Phase 2 — Implementation

The implementation phase runs the 99-autonomous-task.md workflow on a task in analysed state. The AI agent:
  1. Reads the context package produced by analysis
  2. Writes code in the task’s isolated git worktree
  3. Runs the project’s test suite and verify hooks
  4. Commits changes with a tag in the format [task:XXXXXXXX]
During this phase the task transitions:
analysed → in-progress → done
Every commit message produced by dotbot includes the short task ID tag so you can trace any change back to the task that produced it:
feat: add user authentication [task:a1b2c3d4]

Multi-slot concurrent execution

dotbot can run multiple tasks from the same workflow in parallel. The workflow engine uses slot-aware locking so that up to N analysis processes and N execution processes can run simultaneously without stepping on each other. Each concurrent task runs in its own git worktree (see Per-task git worktree isolation), so there are no file conflicts. You control the concurrency limit via the execution.max_concurrent setting in settings.default.json or from the Settings tab in the dashboard.
Use cheaper models (Sonnet) for simple tasks and reserve more capable models (Opus) for complex ones. Per-task model selection reduces token spend without sacrificing quality where it matters.

Per-task model selection

Each task in a workflow can specify a model field that overrides the process-level default. You can also configure defaults for analysis and execution separately in your settings:
{
  "analysis": { "model": "Sonnet" },
  "execution": { "model": "Opus" }
}
Model resolution order: task-level override → UI settings → settings.default.json → provider default.

Process types

dotbot runs different process types depending on what the workflow needs to accomplish.

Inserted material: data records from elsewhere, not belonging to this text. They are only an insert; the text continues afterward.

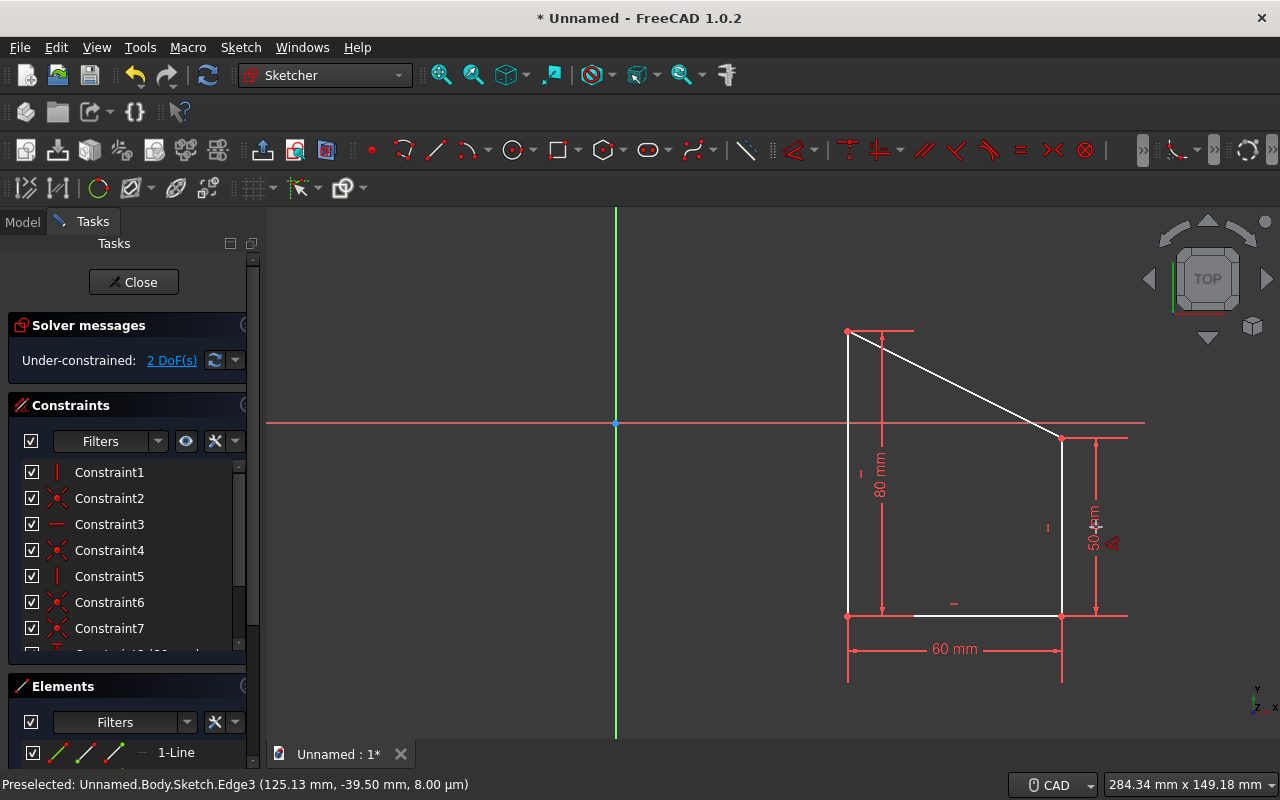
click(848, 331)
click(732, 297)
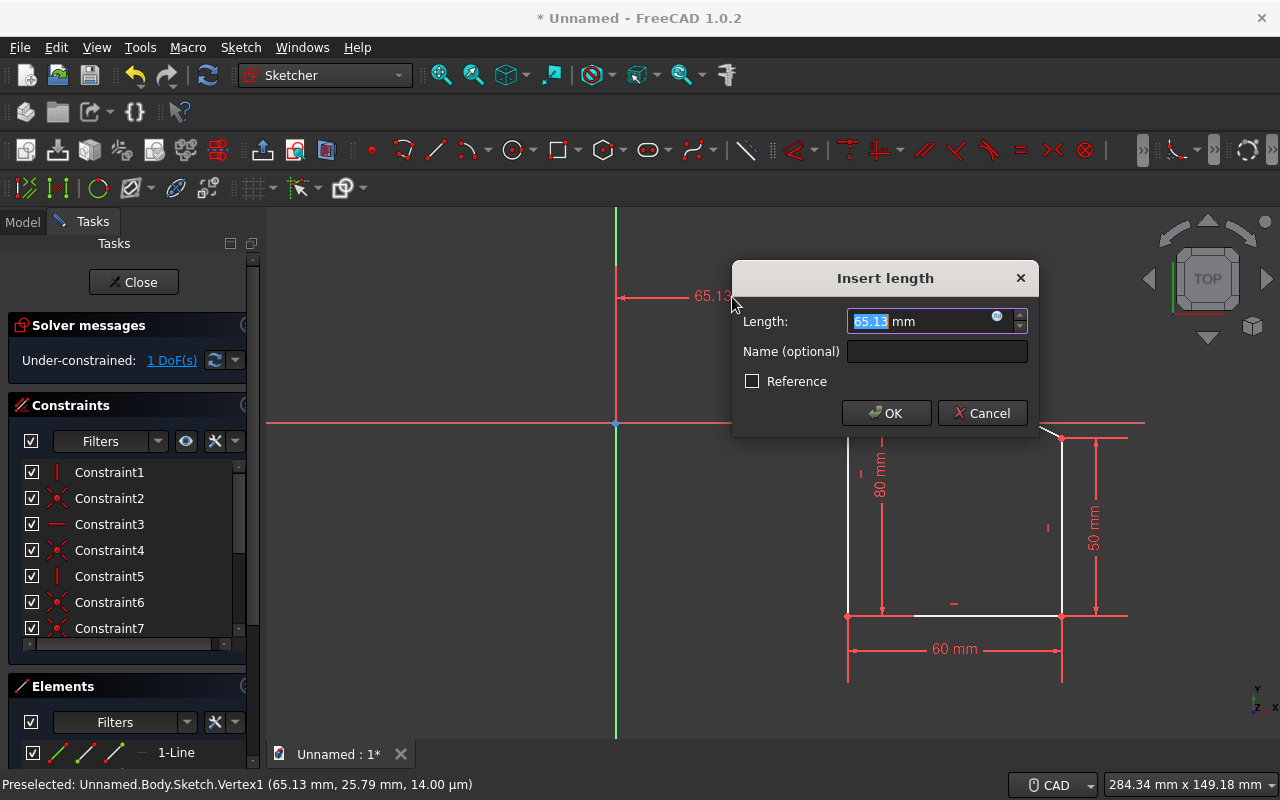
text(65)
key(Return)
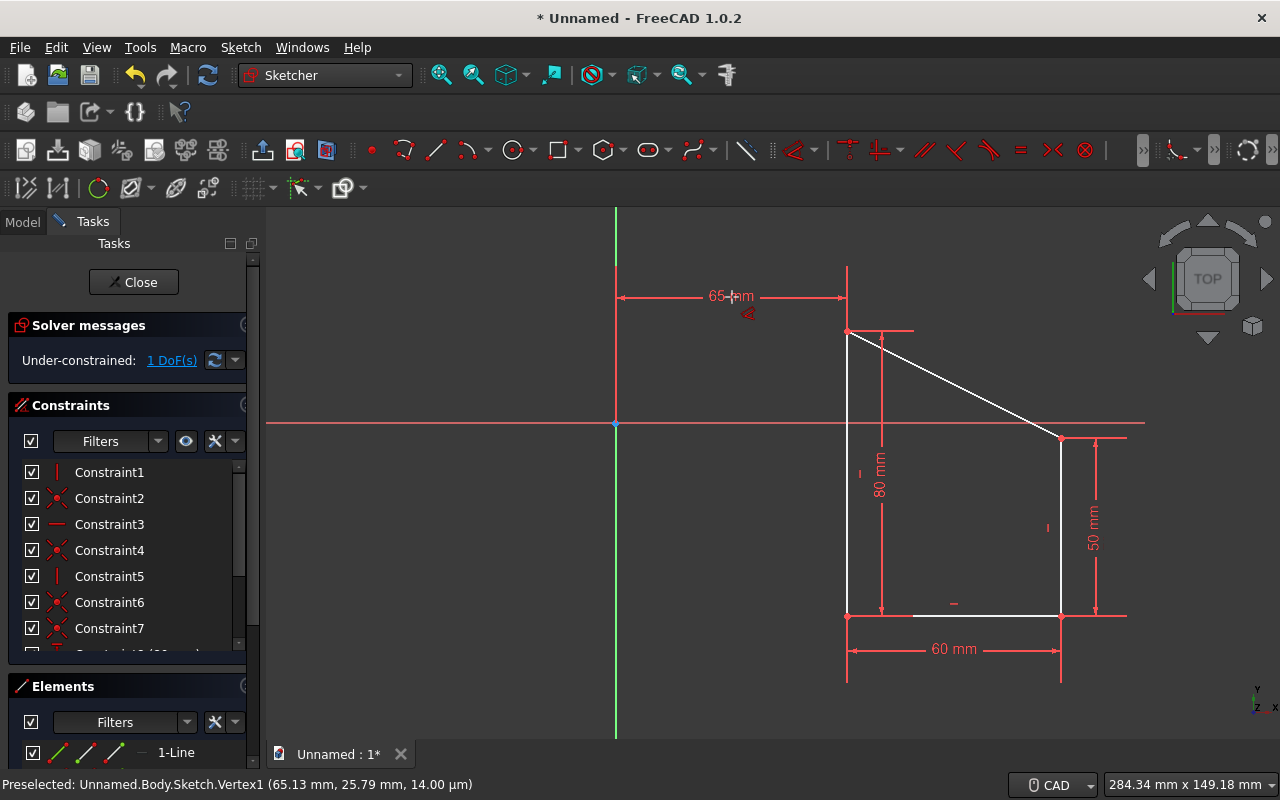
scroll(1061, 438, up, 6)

You can see active processes in real time on the Processes tab in the dashboard.
TypeDescription
analysisRuns the analysis phase on a specific task or task queue
executionRuns the implementation phase on a specific task or task queue
task-runnerUnified analyse-then-execute loop per task (combines both phases)
kickstartProduct setup flow (interview → documents → task roadmap)
planningAd-hoc planning prompt (no task context)
commitCommits bot state to the repo
task-creationCreates tasks from a prompt without running the full kickstart pipeline
Each running process is tracked in the Processes tab of the dashboard, showing its type, active model, current task, and elapsed time.

Flow diagram

┌──────────────┐     ┌───────────────┐     ┌───────────────────┐
│   todo       │────▶│   analysing   │────▶│    analysed       │
│  (waiting)   │     │ (Phase 1 AI)  │     │ (context ready)   │
└──────────────┘     └───────────────┘     └────────┬──────────┘

                           ┌────────────────────────▼──────────────────────────┐
                           │             Implementation phase                   │
                           │   analysed → in-progress → done                   │
                           │   (Phase 2 AI — writes code, tests, commits)      │
                           └───────────────────────────────────────────────────┘
Human-in-the-loop transitions can occur at any point during analysis. When the agent cannot resolve a question from the codebase, it marks the task needs-input and routes the question to a stakeholder via Teams, Email, or Jira. The task resumes from needs-input → analysing once an answer is received.